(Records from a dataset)
########

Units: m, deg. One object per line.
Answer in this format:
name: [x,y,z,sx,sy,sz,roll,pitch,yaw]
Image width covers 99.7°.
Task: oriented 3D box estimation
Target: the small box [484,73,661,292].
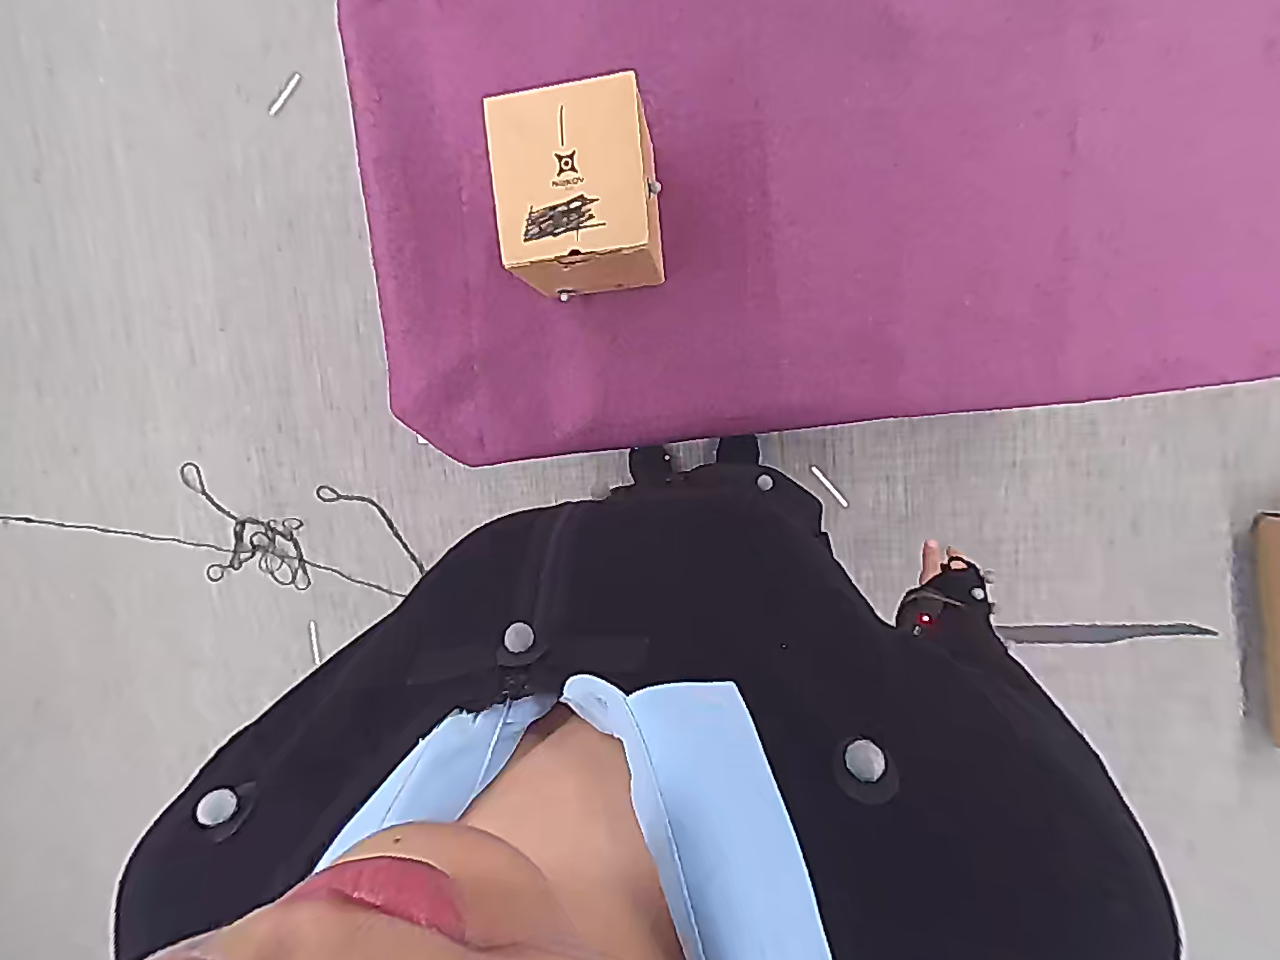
small box: [-0.068,-0.334,0.650,0.168,0.176,0.179,-4,96,8]

########

### EXERCISE BRIEF
Before copying the data, remove the pictures. Then repeat the rest exactly.

### REPLY
Units: m, deg. One object per line.
Answer in this format:
name: [x,y,z,sx,sy,sz,roll,pitch,yaw]
Image width covers 99.7°.
Task: oriented 3D box estimation
Target: the small box [484,73,661,292].
small box: [-0.068,-0.334,0.650,0.168,0.176,0.179,-4,96,8]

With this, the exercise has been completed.